Global regulation standards to protect human health, labor, the
environment, and to prevent monopolies could be put into effect through
bilateral or multilateral trade agreements and organizations such as the
WTO, if their goal was sustainability of markets in the long term.
Unfortunately, it seems that shorter-sighted policymakers choose to
emphasize "unfettered trade" and the removal of "trade barriers" that
include regulations that may be there for a good (non-protectionist)
reasons. So they let the market create a race to the bottom of
regulatory standards, and the market doesn't often react until a
resource has been seriously depleted and larger problems have been
created.

While the decline of oil production may not have begun to happen (or
perhaps it has), it would be nice if we as a civilization could prepare
and plan with vision of the future instead of always waiting for the
market to react. The problem with using markets to create our future is
that they are reactive by nature, and sometimes they don't react until
irreparable damage (such as species extinction, ecosystem loss, climate
change or the running out of oil after you set up a global system to run
on it) has been done.

One potential result of the impending decline in oil production will be
the need to make more products locally. In some ways, for energy or
petrochemical intensive products and services, it could possibly throw
globalization into reverse. We do not have a sufficient backup energy
and chemical industry plan in place - alternative energy and
conservation technology need much more development. We may not be able
to cheaply transport some products halfway around the world, and
petrochemical intensive products will become more expensive. The market
will react by looking for local and/or alternative products.

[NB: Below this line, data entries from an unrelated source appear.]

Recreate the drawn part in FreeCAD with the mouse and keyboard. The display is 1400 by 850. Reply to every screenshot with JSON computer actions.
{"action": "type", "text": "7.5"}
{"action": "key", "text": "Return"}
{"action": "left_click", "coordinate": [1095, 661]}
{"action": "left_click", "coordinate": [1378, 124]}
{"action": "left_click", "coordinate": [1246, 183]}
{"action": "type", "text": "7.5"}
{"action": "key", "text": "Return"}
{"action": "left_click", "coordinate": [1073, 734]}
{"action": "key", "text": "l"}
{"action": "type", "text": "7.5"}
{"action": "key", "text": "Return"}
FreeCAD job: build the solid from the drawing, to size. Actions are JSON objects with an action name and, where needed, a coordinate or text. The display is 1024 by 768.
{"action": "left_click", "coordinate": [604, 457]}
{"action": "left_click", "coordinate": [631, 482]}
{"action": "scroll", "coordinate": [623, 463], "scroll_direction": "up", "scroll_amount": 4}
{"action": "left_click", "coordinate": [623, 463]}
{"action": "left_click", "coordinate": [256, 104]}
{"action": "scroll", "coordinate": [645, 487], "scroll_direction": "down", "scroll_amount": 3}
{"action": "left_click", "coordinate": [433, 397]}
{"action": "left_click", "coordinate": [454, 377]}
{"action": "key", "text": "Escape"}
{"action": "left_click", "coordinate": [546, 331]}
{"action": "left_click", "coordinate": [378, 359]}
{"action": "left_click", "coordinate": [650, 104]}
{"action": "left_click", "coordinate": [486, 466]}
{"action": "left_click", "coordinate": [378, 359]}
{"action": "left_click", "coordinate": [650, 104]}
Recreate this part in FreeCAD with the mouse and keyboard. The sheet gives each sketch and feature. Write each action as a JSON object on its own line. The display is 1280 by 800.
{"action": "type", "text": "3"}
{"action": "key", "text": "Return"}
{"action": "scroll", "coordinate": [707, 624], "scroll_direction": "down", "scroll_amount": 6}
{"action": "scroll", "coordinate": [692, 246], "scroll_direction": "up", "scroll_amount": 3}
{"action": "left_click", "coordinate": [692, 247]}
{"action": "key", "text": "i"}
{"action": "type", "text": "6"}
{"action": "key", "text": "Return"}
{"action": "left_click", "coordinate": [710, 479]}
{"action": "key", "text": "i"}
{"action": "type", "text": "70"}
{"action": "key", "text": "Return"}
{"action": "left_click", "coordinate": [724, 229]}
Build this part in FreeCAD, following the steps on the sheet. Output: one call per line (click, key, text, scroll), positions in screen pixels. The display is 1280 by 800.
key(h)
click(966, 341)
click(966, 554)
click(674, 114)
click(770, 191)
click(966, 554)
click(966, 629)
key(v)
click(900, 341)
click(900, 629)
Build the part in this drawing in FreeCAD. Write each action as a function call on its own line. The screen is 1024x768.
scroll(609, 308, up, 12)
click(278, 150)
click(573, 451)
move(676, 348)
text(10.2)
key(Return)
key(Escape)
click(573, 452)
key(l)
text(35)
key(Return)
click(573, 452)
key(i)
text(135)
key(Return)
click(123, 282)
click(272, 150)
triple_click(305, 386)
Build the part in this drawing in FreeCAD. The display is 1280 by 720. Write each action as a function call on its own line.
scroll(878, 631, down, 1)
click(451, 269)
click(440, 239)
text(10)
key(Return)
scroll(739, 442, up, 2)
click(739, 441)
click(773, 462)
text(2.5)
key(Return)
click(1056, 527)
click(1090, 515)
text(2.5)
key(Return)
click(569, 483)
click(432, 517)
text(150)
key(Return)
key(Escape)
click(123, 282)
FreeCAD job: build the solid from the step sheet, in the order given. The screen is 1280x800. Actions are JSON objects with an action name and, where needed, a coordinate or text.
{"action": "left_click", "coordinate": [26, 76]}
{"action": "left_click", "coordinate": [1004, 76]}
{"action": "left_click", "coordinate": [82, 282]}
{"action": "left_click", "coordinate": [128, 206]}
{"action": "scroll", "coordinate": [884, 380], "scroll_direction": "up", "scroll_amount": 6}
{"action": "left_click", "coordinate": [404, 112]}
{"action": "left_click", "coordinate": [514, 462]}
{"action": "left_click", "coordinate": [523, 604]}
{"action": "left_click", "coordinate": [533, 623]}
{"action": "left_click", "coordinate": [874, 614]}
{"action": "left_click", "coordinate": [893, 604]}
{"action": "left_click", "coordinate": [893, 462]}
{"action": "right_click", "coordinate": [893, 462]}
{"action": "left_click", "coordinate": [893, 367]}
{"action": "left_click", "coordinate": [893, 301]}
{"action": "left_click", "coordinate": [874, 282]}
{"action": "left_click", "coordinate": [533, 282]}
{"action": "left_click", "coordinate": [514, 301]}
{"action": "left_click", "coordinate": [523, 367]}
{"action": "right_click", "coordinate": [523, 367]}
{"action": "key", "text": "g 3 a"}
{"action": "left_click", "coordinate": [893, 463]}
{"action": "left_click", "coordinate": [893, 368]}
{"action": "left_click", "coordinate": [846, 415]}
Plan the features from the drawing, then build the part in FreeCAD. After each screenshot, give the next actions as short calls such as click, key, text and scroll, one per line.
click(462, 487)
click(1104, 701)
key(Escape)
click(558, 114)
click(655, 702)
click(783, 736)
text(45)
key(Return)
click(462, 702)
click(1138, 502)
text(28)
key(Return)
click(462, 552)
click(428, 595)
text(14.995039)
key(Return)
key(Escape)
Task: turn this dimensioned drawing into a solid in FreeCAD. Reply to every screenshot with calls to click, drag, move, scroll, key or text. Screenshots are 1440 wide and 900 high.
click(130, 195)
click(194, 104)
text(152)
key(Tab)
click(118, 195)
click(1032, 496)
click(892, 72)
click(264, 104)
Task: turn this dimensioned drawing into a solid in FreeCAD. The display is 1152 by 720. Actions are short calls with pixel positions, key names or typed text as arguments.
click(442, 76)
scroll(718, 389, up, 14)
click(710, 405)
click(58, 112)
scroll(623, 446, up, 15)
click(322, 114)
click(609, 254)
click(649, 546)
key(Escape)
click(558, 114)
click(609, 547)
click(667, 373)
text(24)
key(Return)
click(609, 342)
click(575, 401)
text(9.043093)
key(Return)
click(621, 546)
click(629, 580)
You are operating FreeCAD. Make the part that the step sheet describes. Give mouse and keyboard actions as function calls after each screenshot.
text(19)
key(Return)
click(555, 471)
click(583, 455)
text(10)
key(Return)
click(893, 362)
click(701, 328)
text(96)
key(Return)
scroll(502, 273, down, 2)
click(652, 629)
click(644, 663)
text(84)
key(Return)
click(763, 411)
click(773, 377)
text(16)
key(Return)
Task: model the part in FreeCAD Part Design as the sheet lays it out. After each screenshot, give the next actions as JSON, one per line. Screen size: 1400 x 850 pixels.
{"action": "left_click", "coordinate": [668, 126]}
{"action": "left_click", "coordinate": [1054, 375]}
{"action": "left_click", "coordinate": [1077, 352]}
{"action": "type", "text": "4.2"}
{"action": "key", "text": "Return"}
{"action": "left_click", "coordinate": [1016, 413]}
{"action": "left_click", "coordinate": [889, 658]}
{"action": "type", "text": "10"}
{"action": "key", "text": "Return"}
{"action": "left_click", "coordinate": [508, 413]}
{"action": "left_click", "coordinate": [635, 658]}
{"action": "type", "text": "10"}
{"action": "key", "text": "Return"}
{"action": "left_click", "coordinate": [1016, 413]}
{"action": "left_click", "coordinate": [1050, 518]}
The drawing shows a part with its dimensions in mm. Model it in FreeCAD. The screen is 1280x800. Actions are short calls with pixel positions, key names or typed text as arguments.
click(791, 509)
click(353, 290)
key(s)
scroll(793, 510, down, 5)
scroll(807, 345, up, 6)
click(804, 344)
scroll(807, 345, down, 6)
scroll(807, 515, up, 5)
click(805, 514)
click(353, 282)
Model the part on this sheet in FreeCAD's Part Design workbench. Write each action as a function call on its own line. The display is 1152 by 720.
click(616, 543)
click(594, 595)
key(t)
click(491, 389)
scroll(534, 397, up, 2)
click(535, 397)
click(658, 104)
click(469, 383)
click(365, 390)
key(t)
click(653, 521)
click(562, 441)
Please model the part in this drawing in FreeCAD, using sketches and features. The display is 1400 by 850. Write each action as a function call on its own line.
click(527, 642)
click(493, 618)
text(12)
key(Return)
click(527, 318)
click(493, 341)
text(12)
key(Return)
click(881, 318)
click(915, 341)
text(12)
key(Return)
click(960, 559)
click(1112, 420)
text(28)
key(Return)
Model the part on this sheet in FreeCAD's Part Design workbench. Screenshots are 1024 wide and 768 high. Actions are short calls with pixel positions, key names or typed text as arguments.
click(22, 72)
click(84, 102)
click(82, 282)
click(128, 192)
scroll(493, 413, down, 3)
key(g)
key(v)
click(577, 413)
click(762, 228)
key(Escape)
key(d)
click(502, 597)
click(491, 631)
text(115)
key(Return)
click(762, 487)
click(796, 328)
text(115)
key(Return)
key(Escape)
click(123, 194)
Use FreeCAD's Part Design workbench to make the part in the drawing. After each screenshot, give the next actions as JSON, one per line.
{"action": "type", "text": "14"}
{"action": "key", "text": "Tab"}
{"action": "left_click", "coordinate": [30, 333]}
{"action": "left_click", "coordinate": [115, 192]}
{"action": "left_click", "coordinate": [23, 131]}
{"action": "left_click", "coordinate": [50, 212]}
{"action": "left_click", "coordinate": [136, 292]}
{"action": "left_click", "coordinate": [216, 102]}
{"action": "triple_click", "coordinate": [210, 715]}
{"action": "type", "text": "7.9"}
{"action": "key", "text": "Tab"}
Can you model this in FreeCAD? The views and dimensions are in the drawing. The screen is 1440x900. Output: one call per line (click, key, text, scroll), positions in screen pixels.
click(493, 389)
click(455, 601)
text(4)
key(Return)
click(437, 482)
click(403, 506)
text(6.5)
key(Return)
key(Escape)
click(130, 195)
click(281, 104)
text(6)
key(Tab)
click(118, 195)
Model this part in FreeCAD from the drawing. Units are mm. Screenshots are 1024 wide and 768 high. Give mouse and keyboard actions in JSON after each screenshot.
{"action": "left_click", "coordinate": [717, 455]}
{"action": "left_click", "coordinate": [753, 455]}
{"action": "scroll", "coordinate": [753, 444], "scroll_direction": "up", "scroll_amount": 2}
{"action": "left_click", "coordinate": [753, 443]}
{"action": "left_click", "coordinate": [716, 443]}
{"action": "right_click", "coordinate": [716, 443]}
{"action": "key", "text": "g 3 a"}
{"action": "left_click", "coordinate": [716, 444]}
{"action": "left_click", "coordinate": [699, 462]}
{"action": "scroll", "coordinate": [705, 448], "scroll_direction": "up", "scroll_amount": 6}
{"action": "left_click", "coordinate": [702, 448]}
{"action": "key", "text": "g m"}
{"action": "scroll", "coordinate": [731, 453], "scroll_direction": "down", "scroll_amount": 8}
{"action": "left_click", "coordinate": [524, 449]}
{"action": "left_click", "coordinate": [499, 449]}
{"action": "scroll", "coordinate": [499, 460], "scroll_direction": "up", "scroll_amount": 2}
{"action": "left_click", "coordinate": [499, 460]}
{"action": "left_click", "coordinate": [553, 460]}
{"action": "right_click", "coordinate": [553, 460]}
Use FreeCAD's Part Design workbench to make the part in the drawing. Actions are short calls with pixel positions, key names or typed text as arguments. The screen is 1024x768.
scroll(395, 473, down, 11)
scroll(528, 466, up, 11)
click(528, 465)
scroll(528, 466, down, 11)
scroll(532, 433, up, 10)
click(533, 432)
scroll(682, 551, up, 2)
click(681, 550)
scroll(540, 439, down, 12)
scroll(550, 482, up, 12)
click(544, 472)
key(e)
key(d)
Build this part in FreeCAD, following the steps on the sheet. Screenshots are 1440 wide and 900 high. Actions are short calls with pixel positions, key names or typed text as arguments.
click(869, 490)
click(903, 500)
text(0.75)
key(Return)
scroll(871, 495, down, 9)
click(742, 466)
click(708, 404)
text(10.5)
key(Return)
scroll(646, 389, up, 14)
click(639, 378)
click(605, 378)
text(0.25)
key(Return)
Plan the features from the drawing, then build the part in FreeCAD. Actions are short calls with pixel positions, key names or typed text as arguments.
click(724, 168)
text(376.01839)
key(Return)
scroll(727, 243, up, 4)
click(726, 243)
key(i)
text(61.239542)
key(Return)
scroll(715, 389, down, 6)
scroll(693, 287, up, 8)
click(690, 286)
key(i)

What does this mean for recycling? More local markets for materials.
In addition, more resource efficiency in general - by necessity.

Terry S. Brennan
Integrated Waste Management Specialist
California Integrated Waste Management Board
phone (916) 341-6578
fax (916) 319-7474
e-mail tbrennan@no.address

Zero Waste - You make it happen!



-----Original Message-----
From: Eric Lombardi [mailto:eric@no.address]
Sent: Monday, April 25, 2005 4:00 PM
To: 'Peter Anderson'; 'GreenYes'
Subject: [greenyes] RE: Cheeks and Recycling

I want to jump in to support Peter's point about why recycling in
America is still fighting and LOSING ground instead of leading us toward
a more sustainable future. I was there "in the day" for solar in the
70's, and it was the same kind of collapse in the 80's and 90's. Why?
Because the market price of the alternative is too damn low! I won't
call oil or landfills "competition" since they are a fundamentally
different way of living on this planet than what recycling and solar can
offer... and that is where the debate must go. Once we as a society
decide what our public policy goals are, and maybe we'll just decide
that clean air, groundwater and local economies are important, then we
need to "change the rules" so that the market economics rewards the
clean market leaders.

The real revolution to protect our natural places and our children's
bodies is an economic revolution ... what are the rules for making
money? And, here's the tough part, the Age of Globalization means the
new rules need to go global.

Eric

Eric Lombardi
Executive Director
Eco-Cycle Inc
303-444-6634
www.ecocycle.org


-----Original Message-----
From: Peter Anderson [mailto:anderson@no.address]
Sent: Monday, April 25, 2005 3:55 PM
To: GreenYes
Subject: [greenyes] Evangelicals - Threat or Promise

Dave and Doug have taken exception to the caption I included as a lead
in the Rolling Stones article on evangelicals' political plans.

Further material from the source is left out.